JAKARTA, CILACAP.INFO – PT Energi Agro Nusantara (Enero) berhasil memproduksi 32 juta liter bioetanol sepanjang 2025. Capaian ini melampaui kapasitas terpasang pabrik sebesar 30 juta liter, sekaligus menegaskan kesiapan PTPN I memasuki era transisi dari energi fosil ke energi hijau dalam kerangka Asta Cita Presiden Prabowo Subianto terkait kedaulatan energi.
Dalam annual report-nya, PT Enero menutup tahun 2025 dengan optimisme tinggi. Selain melampaui target produksi, perusahaan yang diinisiasi untuk mengurangi ketergantungan pada BBM fosil ini juga berhasil memurnikan kadar etanol hingga 99,9 persen. Kualitas produk yang mendekati sempurna tersebut semakin menguatkan kepercayaan para pemangku kepentingan, terutama produsen otomotif, dalam merekomendasikan penggunaannya sebagai campuran BBM.
Direktur Utama PTPN I, Teddy Yunirman Danas, menyampaikan apresiasi khusus kepada manajemen PT Enero. Menurutnya, Enero merupakan salah satu duta strategis PTPN I dalam mendukung pemerintah mewujudkan kemandirian energi nasional di bawah payung Holding Perkebunan Nusantara.

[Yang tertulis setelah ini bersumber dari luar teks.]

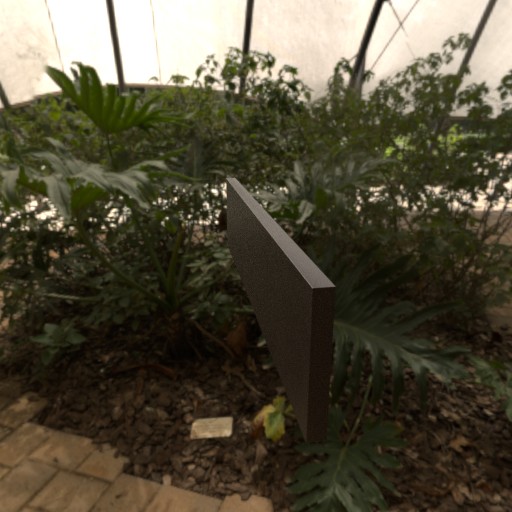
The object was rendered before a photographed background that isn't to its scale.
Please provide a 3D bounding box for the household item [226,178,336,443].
[{"bbox_3d":[0.000,0.000,1.062,0.030,0.236,1.001,-3,18,-9],"label":"household item"}]

“Di tengah urgensi global untuk menekan emisi karbon dan mempercepat transisi energi menuju keberlanjutan, kemandirian energi hijau kini menjadi agenda krusial bagi kedaulatan bangsa. PTPN I berkomitmen menjadi pionir dalam penyediaan bahan bakar nabati (BBN) melalui penguatan unit bisnis strategis di sektor biofuel. Enero adalah duta kami dengan memproduksi bioetanol kualitas tinggi,” ujar Teddy Yunirman Danas di Jakarta, Kamis (05/02/26).
Teddy menegaskan bahwa kinerja gemilang ini merupakan dukungan nyata korporasi terhadap implementasi program mandatori bioetanol yang dicanangkan pemerintah. Dengan produksi yang melampaui target dan kualitas yang berada di atas ambang batas toleransi 99,2 persen, PT Enero menunjukkan kesiapan untuk meningkatkan kapasitas produksi guna memenuhi kebutuhan nasional.
“Performa gemilang ini menumbuhkan optimisme kami, bahwa kinerja tahun 2026 akan lebih tinggi lagi. Bahkan, jika ada mandatory dari pemerintah, kami siap ekspansi ke kapasitas yang lebih besar lagi. Sebab, infrastruktur, teknis, dan operasional PTPN I telah berada pada level kesiapan tertinggi untuk menjawab tantangan kemandirian energi masa depan,” tambah Teddy.